D. V. Ageev lived long and fruitful life, full of intense creative labor. He and his many disciples were made first-class work in many areas of radio engineering. These results influenced the research carried out later than other domestic scientists, and included in the book, which taught thousands of professionals.
Yet due influence on the development of world science research results D. V. Ageyeva not had since been published on time and in less accessible publications, and thus became known only to a limited circle of specialists. Very rarely they were published in leading professional journals abroad. Unfortunately, he E. V. Ageev paid insufficient attention to the publications of his works.
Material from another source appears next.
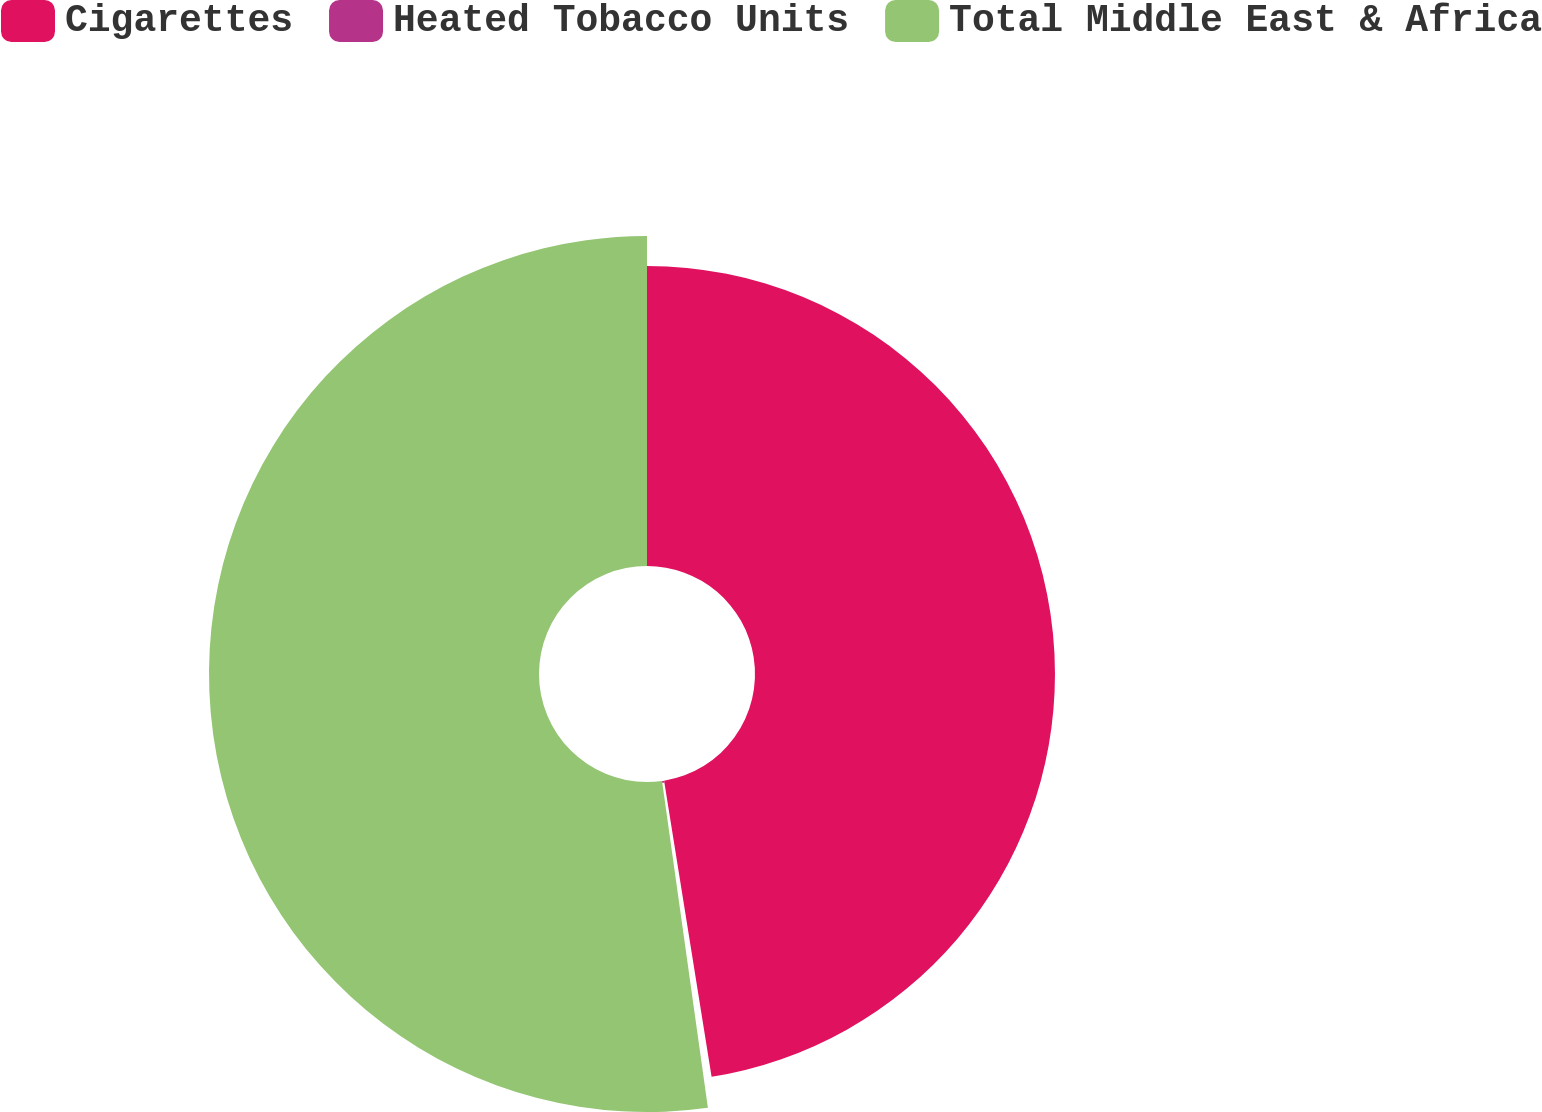Convert chart to OTSL. <chart><loc_0><loc_0><loc_500><loc_500><pie_chart><fcel>Cigarettes<fcel>Heated Tobacco Units<fcel>Total Middle East & Africa<nl><fcel>47.47%<fcel>0.31%<fcel>52.22%<nl></chart>

. Another important reason for the influence of domestic science in the world was not enough, is that for decades it was virtually isolated from the processes of development of world science
. Domestic scholars have generally been denied the opportunity to participate in international scientific conferences, to communicate freely with their foreign colleagues and published in foreign scientific journals. In addition, severely limited the ability of our scientists and strict rules of publication of scientific results in the open press. State policy, leading to a closed society that does not allow the national scientific achievements become part of the global science and, of course, reduces the overall cultural level of the nation. This is the beginning of XX century, wrote convincingly a prominent Russian physicist, H. A. Minds, whose words ring true today: "The political significance of the nation can be strong only under the condition that its cultural level corresponds to its weight lifting. In our time, weapons, courage is not the only factors that ensure success in the struggle of peoples for their development and existence .... If we turn to our country, you realize that we, unfortunately, still largely adopt and borrow and invest very little in the cultural life of mankind. "
. Russia's eminent scientist Dmitry V. Ageev was one of those people whose works are replenished world treasures of scientific thought and contributed to progress in the field of communications.